# Low Gas, Car Wont Start



## anpee123 (Feb 26, 2008)

i have a 93 sentra 1.6l, i need help, when my gas is around 1 quarter tank, my car wont start, wat is wrong with it? can anyone help?


----------



## sonicgundam (Aug 15, 2007)

fuel guage is probably busted and you're actually empty. simple fix, fill it up...


----------



## anpee123 (Feb 26, 2008)

We actually looked at the fuel pump located under the back seats and everything appeared to be normal. The gauge reported having half gas in the tank and while looking into the tank, it actually seemed to have half the amount.. SO.. This lead us to think it was something in the front of the car, perhaps?


----------



## sonicgundam (Aug 15, 2007)

dash gauges are not exact readerr. they're more indicators than anything. you may notice that your gas gauge, if like mine, goes from full to half, rather quickly (about 3-4 days) but half to empty takes another week and a half. my point is that, even though it may look about half, when the gauge says half full, doesn't mean it's a quarter tank full when the gauge says a quarter tank full. in my mind, the only thing that could be keeping you from getting fuel to the engine, is either the pump, or simply an empty tank. clogged filters or injector would simply bog the engine. not running means no gas is getting past the pump.
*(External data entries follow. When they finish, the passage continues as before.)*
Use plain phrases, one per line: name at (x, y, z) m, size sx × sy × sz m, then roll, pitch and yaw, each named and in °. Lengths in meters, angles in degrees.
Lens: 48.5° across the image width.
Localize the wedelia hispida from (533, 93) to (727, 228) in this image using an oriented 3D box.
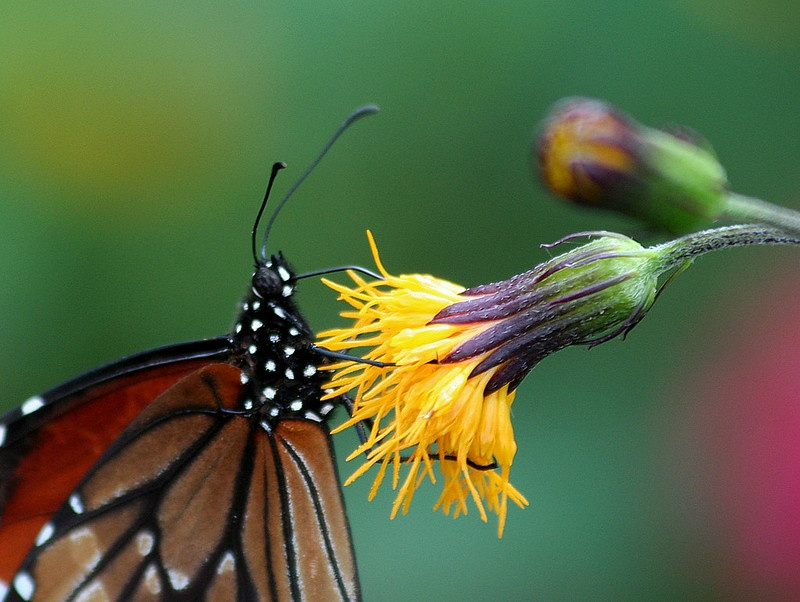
wedelia hispida at (0.707, -0.382, 2.825) m, size 0.613 × 0.318 × 0.292 m, roll 20°, pitch -93°, yaw -7°
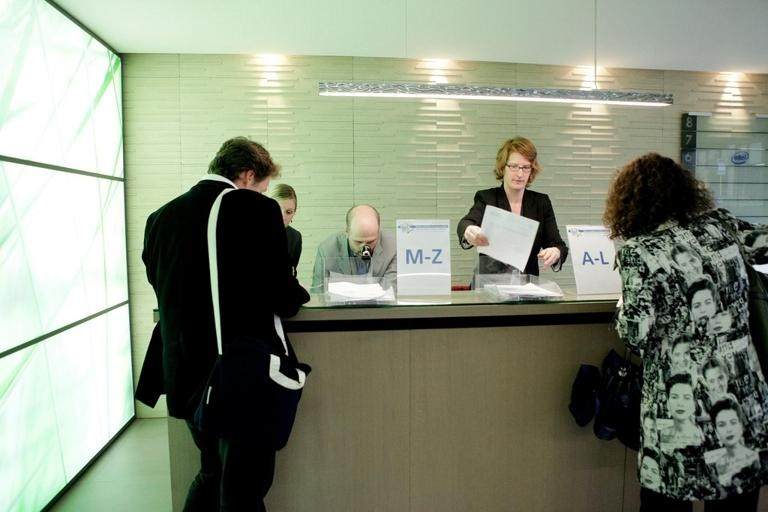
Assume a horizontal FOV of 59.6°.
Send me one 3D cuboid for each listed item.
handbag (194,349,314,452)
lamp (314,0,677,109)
[{"bbox_3d":[-0.728,0.766,3.847,0.580,0.555,0.560,26,-10,-40],"label":"handbag"},{"bbox_3d":[0.759,-1.598,5.344,2.605,0.840,1.410,-1,7,-9],"label":"lamp"}]
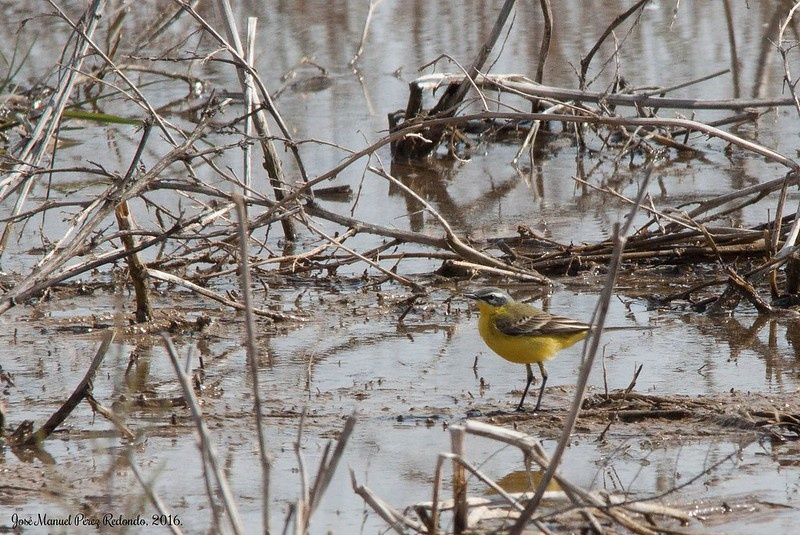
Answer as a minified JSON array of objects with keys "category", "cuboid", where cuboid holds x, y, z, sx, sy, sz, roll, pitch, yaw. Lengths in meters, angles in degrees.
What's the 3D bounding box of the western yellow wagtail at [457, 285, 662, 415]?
[{"category":"western yellow wagtail","cuboid":[1.099,0.692,8.971,1.040,1.368,0.510,3,-51,-2]}]
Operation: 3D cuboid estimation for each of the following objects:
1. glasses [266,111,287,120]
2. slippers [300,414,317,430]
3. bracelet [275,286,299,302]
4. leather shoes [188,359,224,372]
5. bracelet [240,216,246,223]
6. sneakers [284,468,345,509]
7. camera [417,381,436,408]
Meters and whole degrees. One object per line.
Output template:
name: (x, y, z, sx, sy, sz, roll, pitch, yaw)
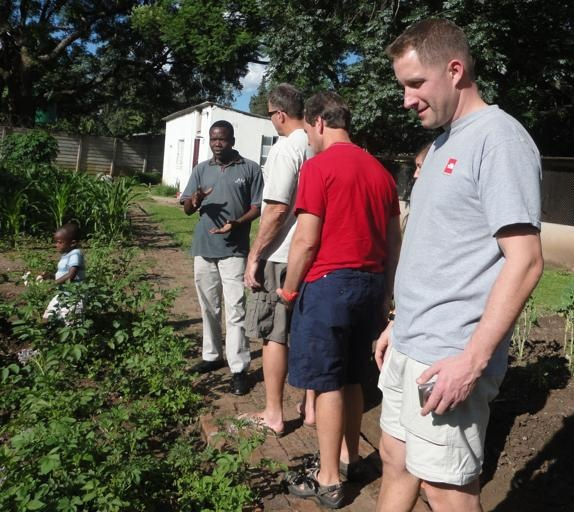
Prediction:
glasses: (-0.061, -0.977, 3.526, 0.092, 0.027, 0.091, 8, 4, -3)
slippers: (0.162, 1.170, 3.567, 0.061, 0.069, 0.160, 2, -1, -5)
bracelet: (0.000, 0.224, 2.932, 0.079, 0.039, 0.102, 11, -16, -4)
leather shoes: (-0.695, 0.954, 4.393, 0.273, 0.107, 0.096, 2, 0, -34)
bracelet: (-0.361, -0.299, 4.165, 0.058, 0.046, 0.065, 1, 9, -9)
sneakers: (0.144, 1.266, 2.846, 0.354, 0.168, 0.138, 11, 14, 29)
camera: (0.500, 0.492, 1.831, 0.035, 0.086, 0.094, 13, -2, 21)
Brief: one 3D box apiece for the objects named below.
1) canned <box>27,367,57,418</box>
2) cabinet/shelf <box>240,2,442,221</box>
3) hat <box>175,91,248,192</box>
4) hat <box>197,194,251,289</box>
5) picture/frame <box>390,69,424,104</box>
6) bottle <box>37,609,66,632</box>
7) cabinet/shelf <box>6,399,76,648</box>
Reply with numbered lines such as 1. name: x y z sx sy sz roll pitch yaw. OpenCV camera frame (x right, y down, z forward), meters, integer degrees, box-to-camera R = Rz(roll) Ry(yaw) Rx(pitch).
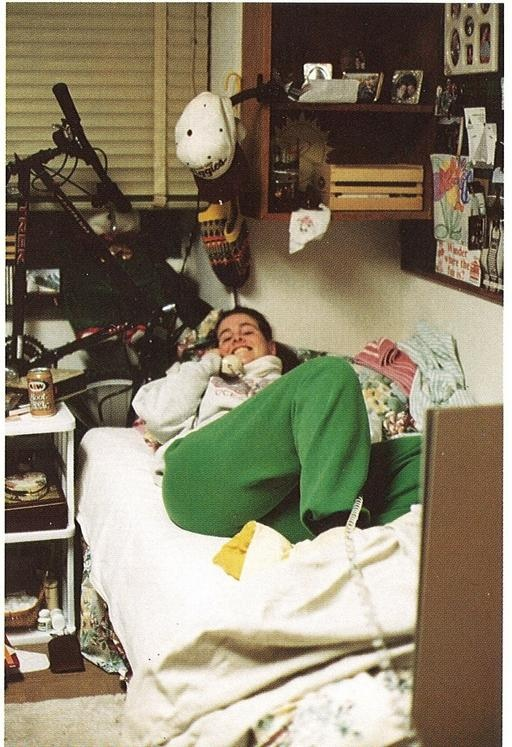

if it wasn't for the fact that it's happening at a specific time, i wouldn't jump to a poor gauge so quickly, but really that's all it sounds like. you're not experiencing bog or performance loss at any other time, it just simply sounds like you're running out of gas, and the gauge reads wrong. lucky for you, you know when the gauge is telling you you don't have enough fuel in the car. so even if there is left over fuel in the car, fill it up. it's not worth the time and energy to fix it honestly, because you can solve the problem by compensating with your own brain power.


----------



## trace_busta (Feb 2, 2008)

*awesome post*



sonicgundam said:


> dash gauges are not exact readerr. they're more indicators than anything. you may notice that your gas gauge, if like mine, goes from full to half, rather quickly (about 3-4 days) but half to empty takes another week and a half. my point is that, even though it may look about half, when the gauge says half full, doesn't mean it's a quarter tank full when the gauge says a quarter tank full. in my mind, the only thing that could be keeping you from getting fuel to the engine, is either the pump, or simply an empty tank. clogged filters or injector would simply bog the engine. not running means no gas is getting past the pump.
> 
> if it wasn't for the fact that it's happening at a specific time, i wouldn't jump to a poor gauge so quickly, but really that's all it sounds like. you're not experiencing bog or performance loss at any other time, it just simply sounds like you're running out of gas, and the gauge reads wrong. lucky for you, you know when the gauge is telling you you don't have enough fuel in the car. so even if there is left over fuel in the car, fill it up. it's not worth the time and energy to fix it honestly, because you can solve the problem by compensating with your own brain power.


brain power seems to be in short supply lately.

if you're a stickler and really want to fix it, drain your fuel tank completely and open it up again. if the tank is empty and the car says 1/4 you know what the problem is.

i had a 90 buick lesabre with this same problem, never bothered opening it up, just filled it @ 1/4 tank.


----------